# Please check my proof; how many functions exist from X to Y?

1. Mar 3, 2012

### SithsNGiggles

1. The problem statement, all variables and given/known data
I just need to know if it makes sense; I was told that I can't have anyone make any improvements on what I've written myself.

Question: If $X = \{ x_1 , \ldots, x_n \}$ and $Y = \{ y_1 , \ldots, y_m \}$, how many functions from $X$ to $Y$ exist?

My answer: $m^n$ functions

3. The attempt at a solution
For any element $x \in X$, there exists a unique $y \in Y$ for which $F(x) = y$.

Every $n$ element in [itex[X[/itex] will be paired with any one of the $m$ elements in $Y$.
i.e. there exist $m$ possible $F(x_1)$ in $Y$ that can be paired with $x_1$.
$x_2$ can be paired with $m$ possible $F(x_2)$
$\vdots$
$x_n$ can be paired with $m$ possible $F(x_n)$.

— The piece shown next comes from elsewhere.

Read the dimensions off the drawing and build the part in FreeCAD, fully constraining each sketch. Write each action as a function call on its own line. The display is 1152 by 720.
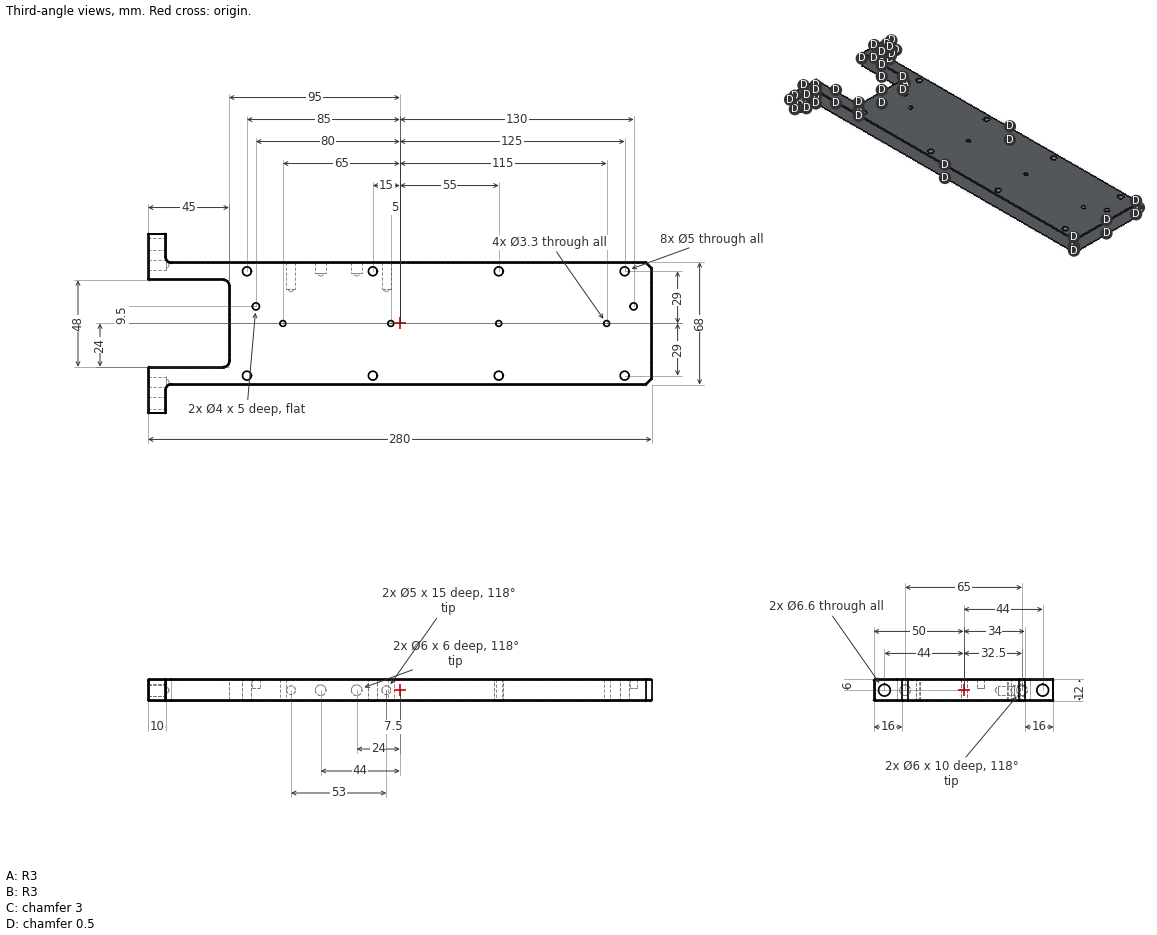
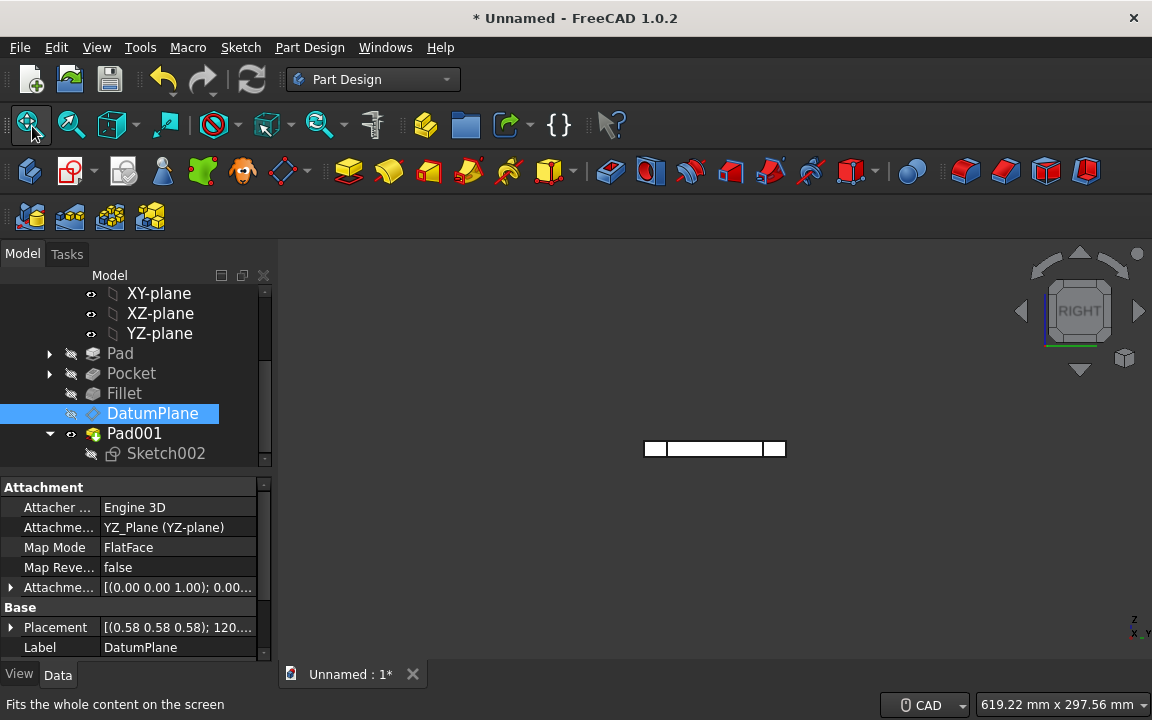
key(5)

Because the domain $D_F = X$, every function generated through F will contain $n$ coordinate pairs. Furthermore, since there are $m$ possible values $F(x) = y$ for each element $x$, there are $n$ factors of $m$, or $m^n$, possible functions.

Thanks for any commentary (but not actual help!) you can provide.

2. Mar 3, 2012

### Dick

Makes perfect sense to me.